A Guide for Buying a New Computer
Even though smartphones and tablet sales continue to grow, most people still want to have either a computer at home or a laptop they can take wherever they go. If it's time to replace your old computer or get a new one for a family member, it's a good idea to brush up on what decisions go into buying one.
You can still wander into some stores and buy a computer, or you can order one online and have it shipped right to you. So now all you need to decide is what kind of computer you want. Here are the basic questions to consider:
Desktop or laptop?
Chances are, you already know whether you want a laptop or a desktop. But if you've only had a desktop and are wondering if you get more for your money with a laptop—a super-portable computer—then there are a few things to think about.
A desktop will generally be less expensive than a laptop, and that's not because it's a lower-quality computer or old-school technology. Simply, there's a lot more that goes into building a laptop than there is for a computer that will simply sit on (or under) a desk. Desktops have changed too, if you haven't noticed. They're not all "towers" anymore. Apple started the trend of building the monitor and computer into one piece several years ago, and a few PC makers have followed that. (Of course, you pay a little more for that technology.) If you don't need a laptop, stick with a desktop computer and save some money.
Mac or PC?
If you've never used a computer made by Apple—called a Mac (short for Macintosh)—here's your time to explore. In short, a Mac is more expensive, but it offers easier usability, a simpler operating system and isn't as prone to viruses as a PC. There are PC users who would NEVER buy a Mac and Mac users who would never buy a PC. Again, it doesn't hurt to explore both sides of the computer aisle.
What microprocessor should you get?
Microprocessor talk can get confusing very fast, and who needs that? At most, you simply want to make sure that you aren't getting a new computer with old or outdated technology, especially if you're expecting to do some serious computing or gaming with it. These days, one way to assess processors is to find out the number of cores and the speed. The speed of the processor tells you how much data it can process in how much time, so the bigger the number, the better...in general. A microprocessor that boasts 3.0GHz speed should, in theory, be twice as fast one running at 1.5 GHz. What about cores? Today, there are dual-core and quad-core processors. A core is the "working part" of the processor. A dual-core processor is like having an extra brain in your head to help you do things. Multi-core computers make it easier for you to run several programs at the same time. You'll notice that as you go up in price, you'll get "more" of everything. That sounds like a good deal, but you might just be buying more than you need. If you know a lot of this already, you might want to check out CPUBenchmark.com, which allows you to compare the features of the top CPUs at one time.

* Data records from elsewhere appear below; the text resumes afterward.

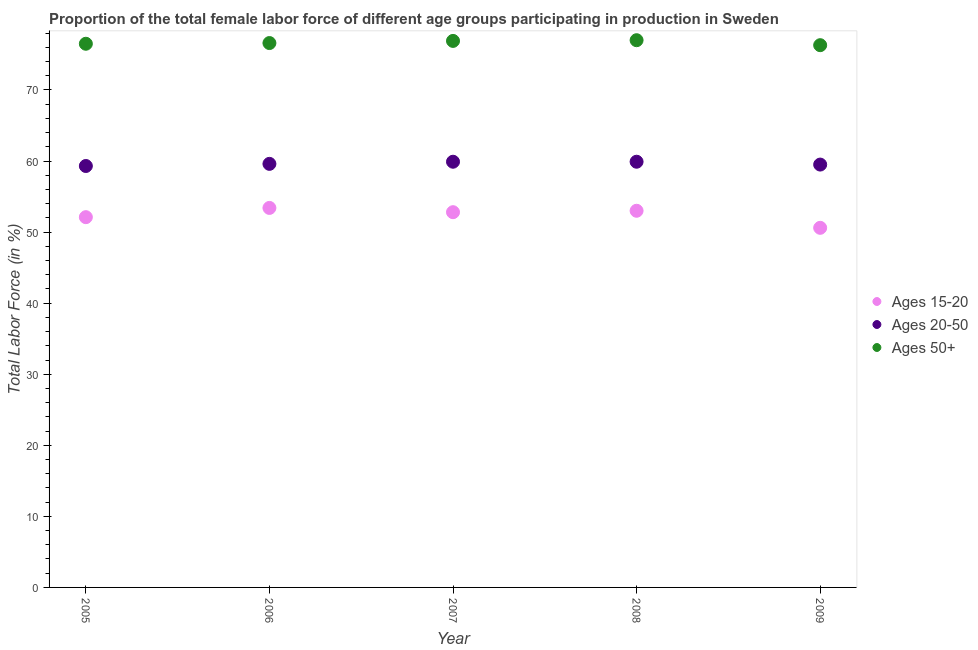How many different coloured dotlines are there?
Make the answer very short. 3. What is the percentage of female labor force above age 50 in 2006?
Ensure brevity in your answer.  76.6. Across all years, what is the maximum percentage of female labor force above age 50?
Offer a terse response. 77. Across all years, what is the minimum percentage of female labor force within the age group 20-50?
Give a very brief answer. 59.3. In which year was the percentage of female labor force above age 50 minimum?
Ensure brevity in your answer.  2009. What is the total percentage of female labor force within the age group 20-50 in the graph?
Offer a terse response. 298.2. What is the difference between the percentage of female labor force within the age group 20-50 in 2008 and that in 2009?
Your response must be concise. 0.4. What is the difference between the percentage of female labor force above age 50 in 2006 and the percentage of female labor force within the age group 15-20 in 2005?
Your response must be concise. 24.5. What is the average percentage of female labor force within the age group 20-50 per year?
Your answer should be very brief. 59.64. In the year 2006, what is the difference between the percentage of female labor force above age 50 and percentage of female labor force within the age group 20-50?
Your answer should be compact. 17. What is the ratio of the percentage of female labor force within the age group 15-20 in 2007 to that in 2008?
Your response must be concise. 1. What is the difference between the highest and the second highest percentage of female labor force within the age group 15-20?
Ensure brevity in your answer.  0.4. What is the difference between the highest and the lowest percentage of female labor force above age 50?
Give a very brief answer. 0.7. In how many years, is the percentage of female labor force within the age group 20-50 greater than the average percentage of female labor force within the age group 20-50 taken over all years?
Ensure brevity in your answer.  2. Is the sum of the percentage of female labor force within the age group 20-50 in 2008 and 2009 greater than the maximum percentage of female labor force above age 50 across all years?
Ensure brevity in your answer.  Yes. Is it the case that in every year, the sum of the percentage of female labor force within the age group 15-20 and percentage of female labor force within the age group 20-50 is greater than the percentage of female labor force above age 50?
Your answer should be very brief. Yes. Does the percentage of female labor force above age 50 monotonically increase over the years?
Provide a short and direct response. No. Is the percentage of female labor force within the age group 15-20 strictly greater than the percentage of female labor force within the age group 20-50 over the years?
Provide a short and direct response. No. Is the percentage of female labor force within the age group 15-20 strictly less than the percentage of female labor force above age 50 over the years?
Give a very brief answer. Yes. How many dotlines are there?
Provide a succinct answer. 3. How many years are there in the graph?
Make the answer very short. 5. What is the difference between two consecutive major ticks on the Y-axis?
Offer a very short reply. 10. Are the values on the major ticks of Y-axis written in scientific E-notation?
Your answer should be compact. No. Does the graph contain any zero values?
Keep it short and to the point. No. Does the graph contain grids?
Provide a short and direct response. No. How are the legend labels stacked?
Offer a very short reply. Vertical. What is the title of the graph?
Offer a terse response. Proportion of the total female labor force of different age groups participating in production in Sweden. Does "Taxes" appear as one of the legend labels in the graph?
Give a very brief answer. No. What is the label or title of the X-axis?
Offer a terse response. Year. What is the label or title of the Y-axis?
Ensure brevity in your answer.  Total Labor Force (in %). What is the Total Labor Force (in %) of Ages 15-20 in 2005?
Your answer should be compact. 52.1. What is the Total Labor Force (in %) of Ages 20-50 in 2005?
Make the answer very short. 59.3. What is the Total Labor Force (in %) of Ages 50+ in 2005?
Give a very brief answer. 76.5. What is the Total Labor Force (in %) in Ages 15-20 in 2006?
Your answer should be very brief. 53.4. What is the Total Labor Force (in %) of Ages 20-50 in 2006?
Offer a terse response. 59.6. What is the Total Labor Force (in %) of Ages 50+ in 2006?
Give a very brief answer. 76.6. What is the Total Labor Force (in %) in Ages 15-20 in 2007?
Provide a short and direct response. 52.8. What is the Total Labor Force (in %) of Ages 20-50 in 2007?
Offer a very short reply. 59.9. What is the Total Labor Force (in %) of Ages 50+ in 2007?
Make the answer very short. 76.9. What is the Total Labor Force (in %) in Ages 15-20 in 2008?
Keep it short and to the point. 53. What is the Total Labor Force (in %) of Ages 20-50 in 2008?
Offer a terse response. 59.9. What is the Total Labor Force (in %) of Ages 15-20 in 2009?
Make the answer very short. 50.6. What is the Total Labor Force (in %) in Ages 20-50 in 2009?
Make the answer very short. 59.5. What is the Total Labor Force (in %) in Ages 50+ in 2009?
Provide a succinct answer. 76.3. Across all years, what is the maximum Total Labor Force (in %) of Ages 15-20?
Provide a short and direct response. 53.4. Across all years, what is the maximum Total Labor Force (in %) of Ages 20-50?
Keep it short and to the point. 59.9. Across all years, what is the minimum Total Labor Force (in %) in Ages 15-20?
Your answer should be compact. 50.6. Across all years, what is the minimum Total Labor Force (in %) of Ages 20-50?
Your answer should be compact. 59.3. Across all years, what is the minimum Total Labor Force (in %) of Ages 50+?
Provide a succinct answer. 76.3. What is the total Total Labor Force (in %) in Ages 15-20 in the graph?
Offer a terse response. 261.9. What is the total Total Labor Force (in %) in Ages 20-50 in the graph?
Keep it short and to the point. 298.2. What is the total Total Labor Force (in %) of Ages 50+ in the graph?
Provide a short and direct response. 383.3. What is the difference between the Total Labor Force (in %) in Ages 15-20 in 2005 and that in 2006?
Provide a succinct answer. -1.3. What is the difference between the Total Labor Force (in %) in Ages 50+ in 2005 and that in 2006?
Provide a short and direct response. -0.1. What is the difference between the Total Labor Force (in %) of Ages 15-20 in 2005 and that in 2008?
Offer a very short reply. -0.9. What is the difference between the Total Labor Force (in %) of Ages 20-50 in 2005 and that in 2008?
Your answer should be compact. -0.6. What is the difference between the Total Labor Force (in %) of Ages 15-20 in 2005 and that in 2009?
Provide a short and direct response. 1.5. What is the difference between the Total Labor Force (in %) of Ages 20-50 in 2005 and that in 2009?
Your response must be concise. -0.2. What is the difference between the Total Labor Force (in %) in Ages 20-50 in 2006 and that in 2007?
Provide a succinct answer. -0.3. What is the difference between the Total Labor Force (in %) in Ages 50+ in 2006 and that in 2007?
Ensure brevity in your answer.  -0.3. What is the difference between the Total Labor Force (in %) of Ages 15-20 in 2006 and that in 2008?
Ensure brevity in your answer.  0.4. What is the difference between the Total Labor Force (in %) in Ages 50+ in 2006 and that in 2009?
Ensure brevity in your answer.  0.3. What is the difference between the Total Labor Force (in %) of Ages 15-20 in 2007 and that in 2008?
Your answer should be very brief. -0.2. What is the difference between the Total Labor Force (in %) of Ages 20-50 in 2007 and that in 2008?
Offer a terse response. 0. What is the difference between the Total Labor Force (in %) in Ages 50+ in 2007 and that in 2008?
Make the answer very short. -0.1. What is the difference between the Total Labor Force (in %) in Ages 20-50 in 2007 and that in 2009?
Your answer should be compact. 0.4. What is the difference between the Total Labor Force (in %) in Ages 50+ in 2007 and that in 2009?
Give a very brief answer. 0.6. What is the difference between the Total Labor Force (in %) of Ages 50+ in 2008 and that in 2009?
Give a very brief answer. 0.7. What is the difference between the Total Labor Force (in %) of Ages 15-20 in 2005 and the Total Labor Force (in %) of Ages 20-50 in 2006?
Give a very brief answer. -7.5. What is the difference between the Total Labor Force (in %) of Ages 15-20 in 2005 and the Total Labor Force (in %) of Ages 50+ in 2006?
Make the answer very short. -24.5. What is the difference between the Total Labor Force (in %) of Ages 20-50 in 2005 and the Total Labor Force (in %) of Ages 50+ in 2006?
Your answer should be compact. -17.3. What is the difference between the Total Labor Force (in %) in Ages 15-20 in 2005 and the Total Labor Force (in %) in Ages 50+ in 2007?
Your answer should be very brief. -24.8. What is the difference between the Total Labor Force (in %) in Ages 20-50 in 2005 and the Total Labor Force (in %) in Ages 50+ in 2007?
Your response must be concise. -17.6. What is the difference between the Total Labor Force (in %) of Ages 15-20 in 2005 and the Total Labor Force (in %) of Ages 50+ in 2008?
Offer a very short reply. -24.9. What is the difference between the Total Labor Force (in %) of Ages 20-50 in 2005 and the Total Labor Force (in %) of Ages 50+ in 2008?
Offer a very short reply. -17.7. What is the difference between the Total Labor Force (in %) of Ages 15-20 in 2005 and the Total Labor Force (in %) of Ages 20-50 in 2009?
Give a very brief answer. -7.4. What is the difference between the Total Labor Force (in %) of Ages 15-20 in 2005 and the Total Labor Force (in %) of Ages 50+ in 2009?
Make the answer very short. -24.2. What is the difference between the Total Labor Force (in %) in Ages 15-20 in 2006 and the Total Labor Force (in %) in Ages 20-50 in 2007?
Offer a very short reply. -6.5. What is the difference between the Total Labor Force (in %) in Ages 15-20 in 2006 and the Total Labor Force (in %) in Ages 50+ in 2007?
Your answer should be compact. -23.5. What is the difference between the Total Labor Force (in %) in Ages 20-50 in 2006 and the Total Labor Force (in %) in Ages 50+ in 2007?
Your response must be concise. -17.3. What is the difference between the Total Labor Force (in %) in Ages 15-20 in 2006 and the Total Labor Force (in %) in Ages 50+ in 2008?
Provide a succinct answer. -23.6. What is the difference between the Total Labor Force (in %) of Ages 20-50 in 2006 and the Total Labor Force (in %) of Ages 50+ in 2008?
Your answer should be compact. -17.4. What is the difference between the Total Labor Force (in %) in Ages 15-20 in 2006 and the Total Labor Force (in %) in Ages 20-50 in 2009?
Provide a succinct answer. -6.1. What is the difference between the Total Labor Force (in %) of Ages 15-20 in 2006 and the Total Labor Force (in %) of Ages 50+ in 2009?
Your response must be concise. -22.9. What is the difference between the Total Labor Force (in %) of Ages 20-50 in 2006 and the Total Labor Force (in %) of Ages 50+ in 2009?
Your answer should be compact. -16.7. What is the difference between the Total Labor Force (in %) in Ages 15-20 in 2007 and the Total Labor Force (in %) in Ages 20-50 in 2008?
Give a very brief answer. -7.1. What is the difference between the Total Labor Force (in %) in Ages 15-20 in 2007 and the Total Labor Force (in %) in Ages 50+ in 2008?
Offer a terse response. -24.2. What is the difference between the Total Labor Force (in %) of Ages 20-50 in 2007 and the Total Labor Force (in %) of Ages 50+ in 2008?
Ensure brevity in your answer.  -17.1. What is the difference between the Total Labor Force (in %) of Ages 15-20 in 2007 and the Total Labor Force (in %) of Ages 50+ in 2009?
Your response must be concise. -23.5. What is the difference between the Total Labor Force (in %) in Ages 20-50 in 2007 and the Total Labor Force (in %) in Ages 50+ in 2009?
Your answer should be very brief. -16.4. What is the difference between the Total Labor Force (in %) of Ages 15-20 in 2008 and the Total Labor Force (in %) of Ages 20-50 in 2009?
Your response must be concise. -6.5. What is the difference between the Total Labor Force (in %) in Ages 15-20 in 2008 and the Total Labor Force (in %) in Ages 50+ in 2009?
Your response must be concise. -23.3. What is the difference between the Total Labor Force (in %) in Ages 20-50 in 2008 and the Total Labor Force (in %) in Ages 50+ in 2009?
Your answer should be very brief. -16.4. What is the average Total Labor Force (in %) of Ages 15-20 per year?
Keep it short and to the point. 52.38. What is the average Total Labor Force (in %) of Ages 20-50 per year?
Give a very brief answer. 59.64. What is the average Total Labor Force (in %) of Ages 50+ per year?
Offer a very short reply. 76.66. In the year 2005, what is the difference between the Total Labor Force (in %) in Ages 15-20 and Total Labor Force (in %) in Ages 50+?
Provide a short and direct response. -24.4. In the year 2005, what is the difference between the Total Labor Force (in %) of Ages 20-50 and Total Labor Force (in %) of Ages 50+?
Offer a very short reply. -17.2. In the year 2006, what is the difference between the Total Labor Force (in %) of Ages 15-20 and Total Labor Force (in %) of Ages 20-50?
Your answer should be compact. -6.2. In the year 2006, what is the difference between the Total Labor Force (in %) of Ages 15-20 and Total Labor Force (in %) of Ages 50+?
Keep it short and to the point. -23.2. In the year 2007, what is the difference between the Total Labor Force (in %) in Ages 15-20 and Total Labor Force (in %) in Ages 50+?
Offer a very short reply. -24.1. In the year 2008, what is the difference between the Total Labor Force (in %) in Ages 15-20 and Total Labor Force (in %) in Ages 20-50?
Provide a succinct answer. -6.9. In the year 2008, what is the difference between the Total Labor Force (in %) of Ages 15-20 and Total Labor Force (in %) of Ages 50+?
Your response must be concise. -24. In the year 2008, what is the difference between the Total Labor Force (in %) in Ages 20-50 and Total Labor Force (in %) in Ages 50+?
Your answer should be compact. -17.1. In the year 2009, what is the difference between the Total Labor Force (in %) in Ages 15-20 and Total Labor Force (in %) in Ages 20-50?
Your answer should be compact. -8.9. In the year 2009, what is the difference between the Total Labor Force (in %) of Ages 15-20 and Total Labor Force (in %) of Ages 50+?
Provide a succinct answer. -25.7. In the year 2009, what is the difference between the Total Labor Force (in %) of Ages 20-50 and Total Labor Force (in %) of Ages 50+?
Your answer should be very brief. -16.8. What is the ratio of the Total Labor Force (in %) in Ages 15-20 in 2005 to that in 2006?
Your answer should be compact. 0.98. What is the ratio of the Total Labor Force (in %) of Ages 20-50 in 2005 to that in 2006?
Make the answer very short. 0.99. What is the ratio of the Total Labor Force (in %) of Ages 50+ in 2005 to that in 2006?
Provide a succinct answer. 1. What is the ratio of the Total Labor Force (in %) in Ages 15-20 in 2005 to that in 2007?
Keep it short and to the point. 0.99. What is the ratio of the Total Labor Force (in %) in Ages 50+ in 2005 to that in 2008?
Provide a short and direct response. 0.99. What is the ratio of the Total Labor Force (in %) in Ages 15-20 in 2005 to that in 2009?
Make the answer very short. 1.03. What is the ratio of the Total Labor Force (in %) in Ages 20-50 in 2005 to that in 2009?
Ensure brevity in your answer.  1. What is the ratio of the Total Labor Force (in %) in Ages 50+ in 2005 to that in 2009?
Offer a terse response. 1. What is the ratio of the Total Labor Force (in %) of Ages 15-20 in 2006 to that in 2007?
Provide a short and direct response. 1.01. What is the ratio of the Total Labor Force (in %) of Ages 20-50 in 2006 to that in 2007?
Provide a short and direct response. 0.99. What is the ratio of the Total Labor Force (in %) of Ages 15-20 in 2006 to that in 2008?
Keep it short and to the point. 1.01. What is the ratio of the Total Labor Force (in %) in Ages 20-50 in 2006 to that in 2008?
Ensure brevity in your answer.  0.99. What is the ratio of the Total Labor Force (in %) of Ages 50+ in 2006 to that in 2008?
Make the answer very short. 0.99. What is the ratio of the Total Labor Force (in %) of Ages 15-20 in 2006 to that in 2009?
Provide a short and direct response. 1.06. What is the ratio of the Total Labor Force (in %) of Ages 20-50 in 2006 to that in 2009?
Offer a terse response. 1. What is the ratio of the Total Labor Force (in %) of Ages 15-20 in 2007 to that in 2008?
Offer a terse response. 1. What is the ratio of the Total Labor Force (in %) of Ages 20-50 in 2007 to that in 2008?
Your answer should be very brief. 1. What is the ratio of the Total Labor Force (in %) in Ages 50+ in 2007 to that in 2008?
Provide a succinct answer. 1. What is the ratio of the Total Labor Force (in %) of Ages 15-20 in 2007 to that in 2009?
Provide a short and direct response. 1.04. What is the ratio of the Total Labor Force (in %) of Ages 20-50 in 2007 to that in 2009?
Your answer should be very brief. 1.01. What is the ratio of the Total Labor Force (in %) of Ages 50+ in 2007 to that in 2009?
Offer a terse response. 1.01. What is the ratio of the Total Labor Force (in %) of Ages 15-20 in 2008 to that in 2009?
Provide a succinct answer. 1.05. What is the ratio of the Total Labor Force (in %) in Ages 20-50 in 2008 to that in 2009?
Your response must be concise. 1.01. What is the ratio of the Total Labor Force (in %) of Ages 50+ in 2008 to that in 2009?
Provide a succinct answer. 1.01. What is the difference between the highest and the second highest Total Labor Force (in %) in Ages 50+?
Provide a succinct answer. 0.1.

How much memory do you need?
All ads for computers (laptops and desktops) will tell you how much memory the computer comes with, measured in "gigs" (gigabytes). The higher the number, the better off you'll generally be, especially if you do a lot of multitasking, which means running lots of programs at once or watching videos while you're creating complicated spreadsheets and listening to music.
For reference, 2 GB is the lowest amount of memory you'll find on a new PC, and it goes up from there—4, 6, 8, 16, and so on. A computer with 2 GB of memory will probably do just fine if you just want to send emails, post notes on social media and browse the Internet. But you'll notice as you shop around that as you get a more robust computer, you'll automatically get more memory. Think of it like buying a car. You're not going to get a lot of power features with a low-cost car. But with a luxury model, you're going to get all the bells and whistles. If you're looking to spend under $400 on a PC, you'll probably end up with about 4 GB of memory. (Macs start at about $900.) Here's something to keep in mind though: You can add memory to any computer at any time.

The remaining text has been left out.